DATA PROVIDED START
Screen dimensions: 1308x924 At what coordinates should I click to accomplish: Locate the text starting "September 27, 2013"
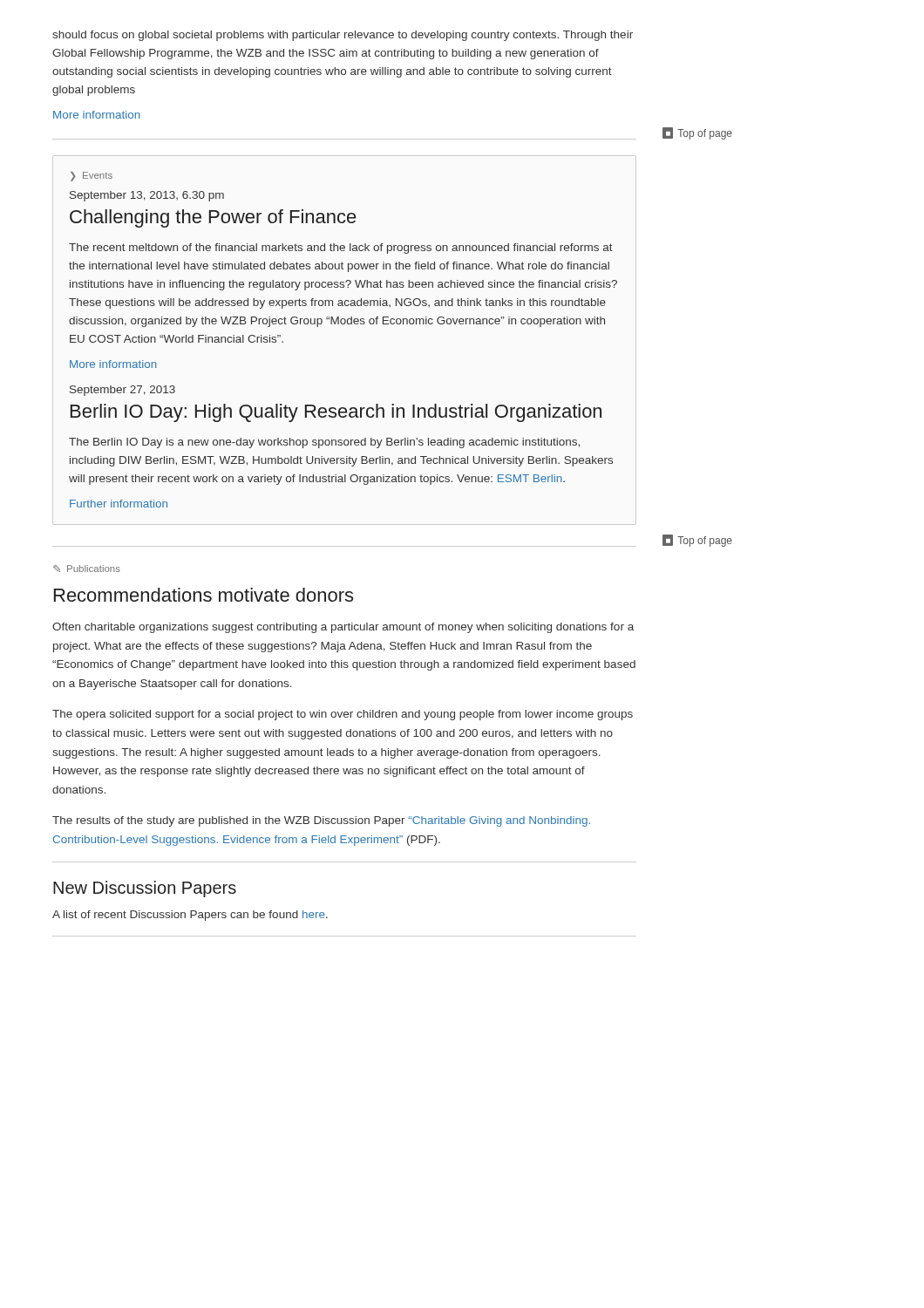click(x=122, y=389)
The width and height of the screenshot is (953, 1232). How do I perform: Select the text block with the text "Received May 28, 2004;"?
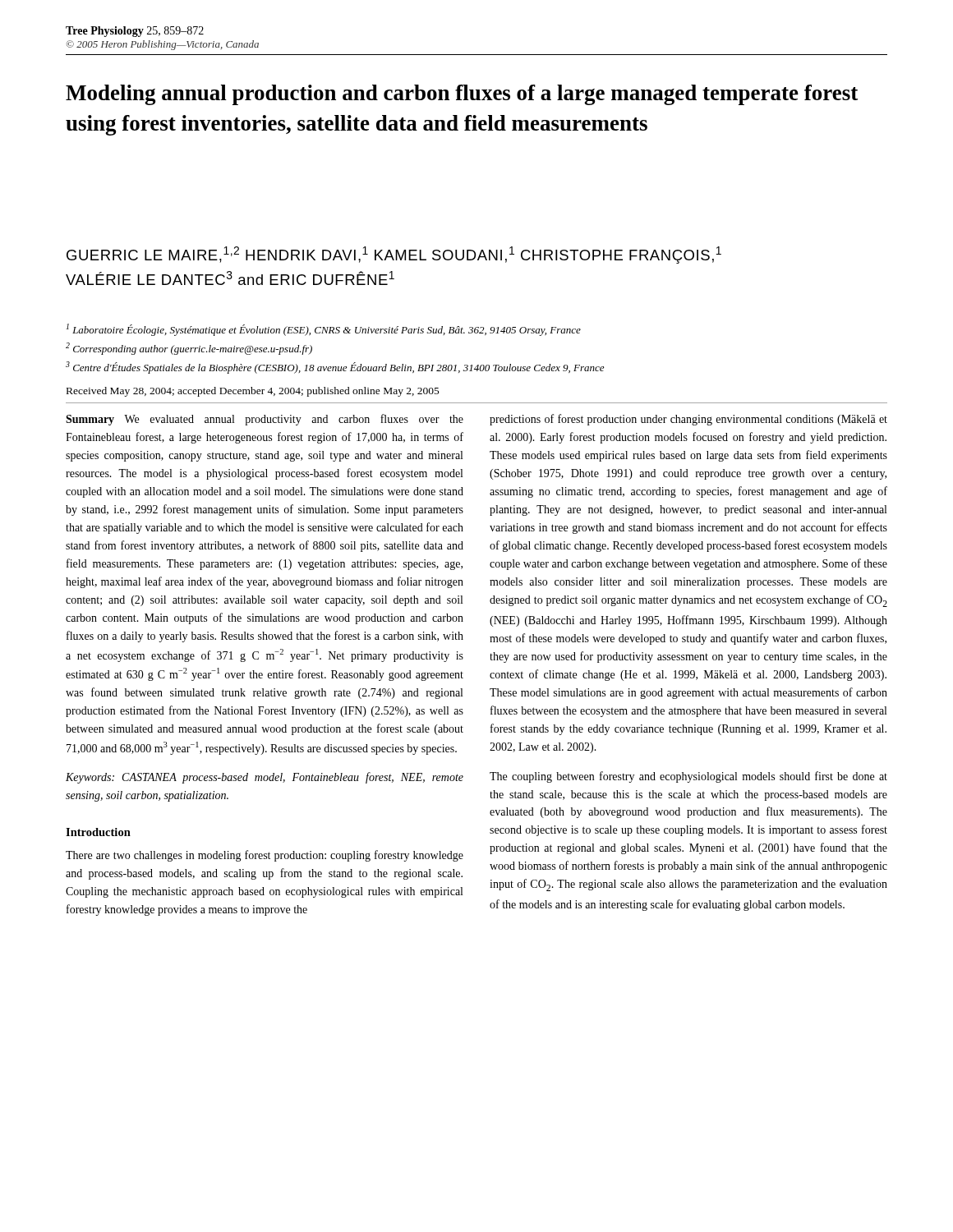tap(253, 391)
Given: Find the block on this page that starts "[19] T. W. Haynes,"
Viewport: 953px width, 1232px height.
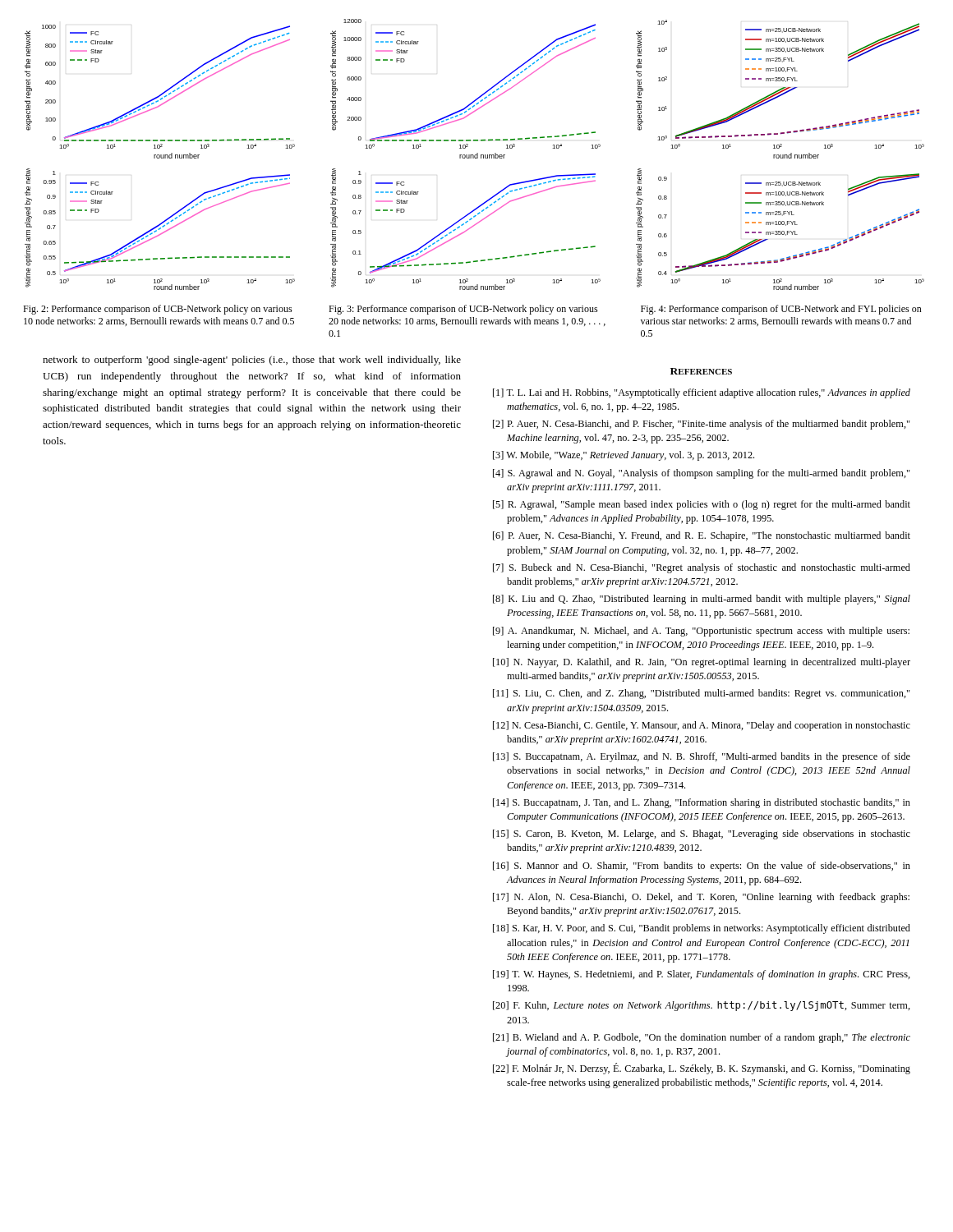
DATA PROVIDED END
_TASK OBJECTIVE:_
For this exercise, print all of the entries exactly as they appear, but without pictures.

_SOLUTION FOR THIS TASK:_
Screen dimensions: 1308x924 At what coordinates should I click to accomplish: Locate the text starting "September 27, 2013"
click(x=122, y=389)
The width and height of the screenshot is (953, 1232). How do I perform: Select the text block with the text "Received May 28, 2004;"?
tap(253, 391)
Given: Find the block on this page that starts "[19] T. W. Haynes,"
Viewport: 953px width, 1232px height.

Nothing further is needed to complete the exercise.